We ran a little treasure hunt in our choice-based game/story, Fallen London, recently. We sent several hundred players an in-game item – a river in a box – and hinted that they could somehow use it to acquire a more valuable box. The solution was not to use the item in the game, but but to find the most important word in the box’s description and feed it into a URL in a relevant format. A few players later complained that this seemed like cheating, but even they recognised that if it was cheating it was an established form of cheating with a two-decade pedigree. Most players recognised it as one of many alternate ways to approach an interactive text.

Again, in Fallen London, we allow players to replay some choices, or take choices that narrative wouldn’t normally permit. We charge them a very small sum of money for the privilege. Our current project with Random House, Black Crown, takes this further: charging a minority of players to sidestep narrative orthodoxy allows everyone else to experience the story for free.

Last month saw the launch of Bioshock Infinite: a great-looking, thuggish, silly game about shooting racists, clumsily spliced to a smart, solemn narrative about identity and choice. It was duly acclaimed as great art, the coming-of-age of video games, before the backlash began and commentators began to ask if this was really the best we could do. (If you’re a gamer, you’ll know that this happens every six to eight months). Forty years after the birth of games, ten years after the birth of ‘art game’ as a term, the games industry is still rightly haunted by self-defensive prickliness about being ‘dumb’. I don’t want to bang that particular drum too hard (though I love games, and it makes me sad) because there are whole blogs devoted to hand-wringing on the subject.

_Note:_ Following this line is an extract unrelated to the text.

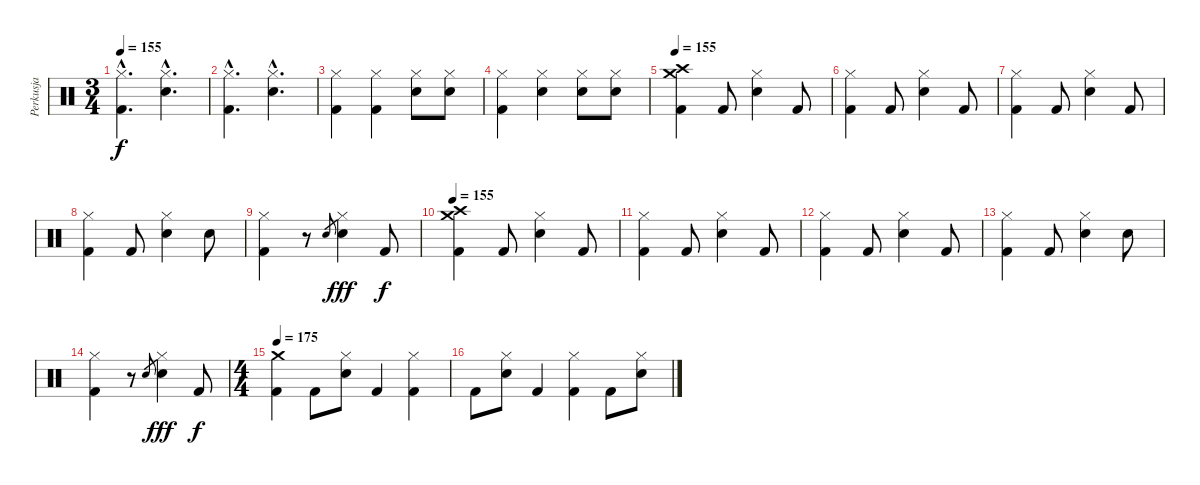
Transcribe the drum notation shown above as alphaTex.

But I do want to suggest this: games have been soaked in the grammar of films for four decades – naturally enough, since both absolutely entail images on a screen. Now that books on a screen are no longer strange, can we start to learn from the similarities between books and games – turn to books for approaches to dialogue between game and gamer?

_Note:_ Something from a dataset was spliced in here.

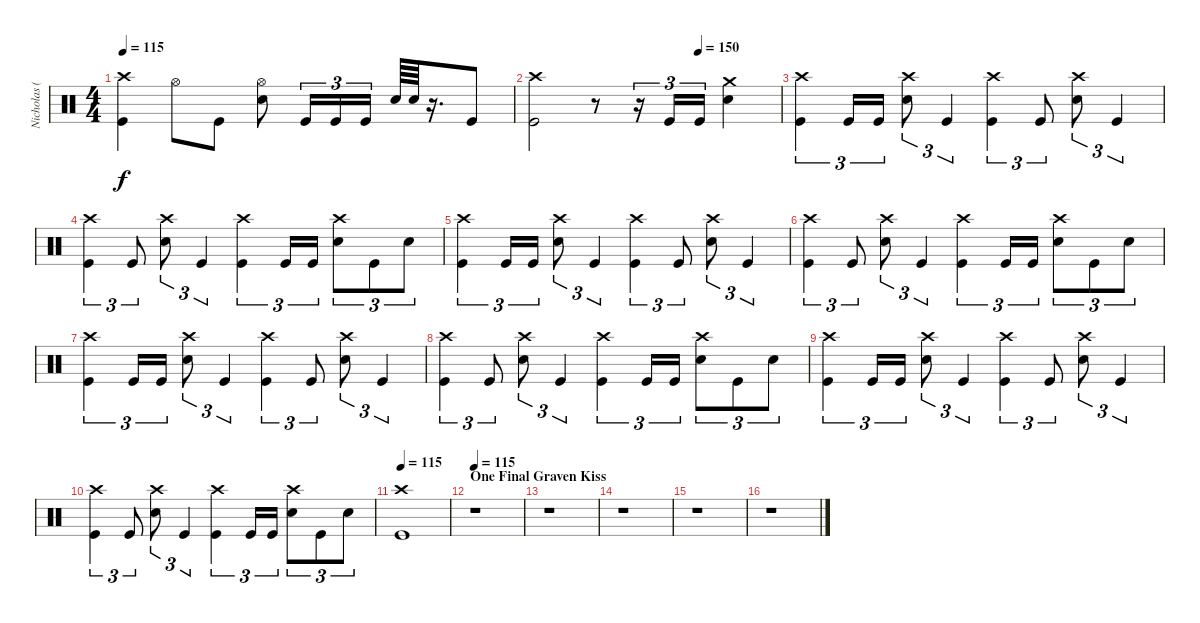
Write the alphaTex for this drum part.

It’s always tempting to end a blog post on a question mark and shout ‘look over there! a monkey!’ but let me suggest specific ways in which this not only could happen, but already is happening.

1. Text. I enthusiastically agree with Emily Short that text is a powerful and versatile mode of expression in games, not just a cheap one. There’s a quiet renaissance going on in text games right now. They can’t compete directly with CGI renderings of exploding helicopters, but they don’t need to, any more than novels compete with Hollywood blockbusters.

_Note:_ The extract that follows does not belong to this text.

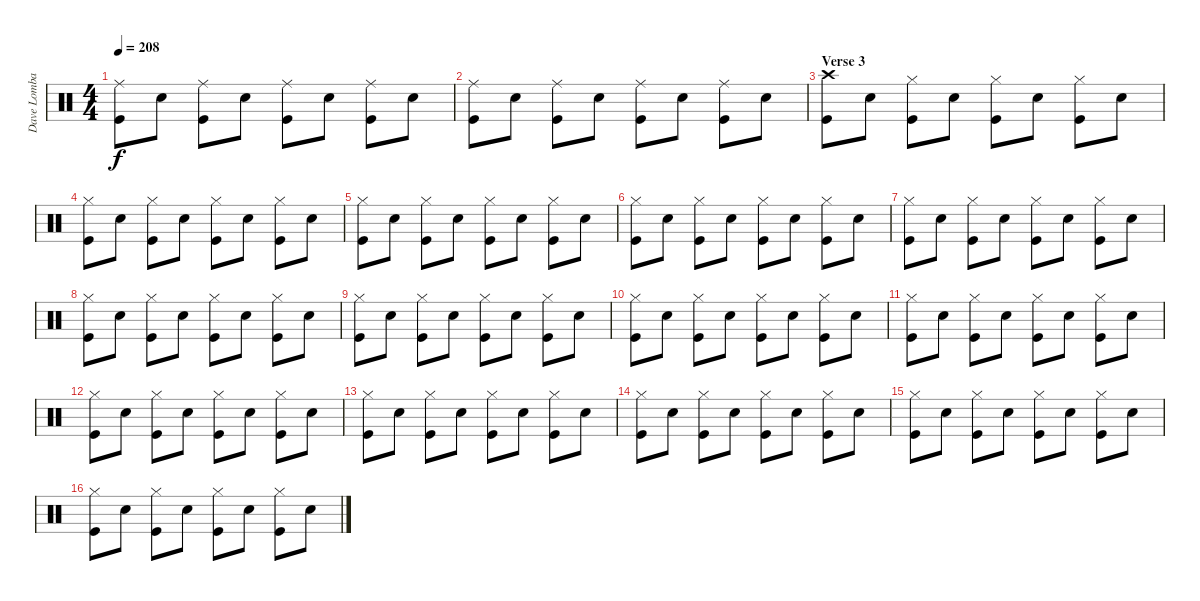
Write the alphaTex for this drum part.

2. Goals. Many of the new breed of literary apps are charmingly directionless prestige toys, the digital equivalent of fridge magnet poetry. Novels have a basic goal: reach the end, learn the story. This doesn’t need to be the only way you can experience it, but it gives you a basic direction to orient you. You know which way’s up.

3. Limits. I don’t think the new breed of literary apps need to be full-fledged games, and I sure as hell don’t think they should be ‘gamified’. But again, novels have basic limits: you can’t enjoy the end until you’ve consumed the middle, you have to obey the pacing unless you decide you want badly enough to cheat. Allowing a story to be viewed from many angles sometimes opens too many doors. Timelocks on progress, geolocks on content, simple non-puzzles, limited resources, choices that open one narrative strand by choosing another – all these are arbitrary but fruitful limits. Until you have a goal and limits that prevent you from achieving it, there’s no way to cheat.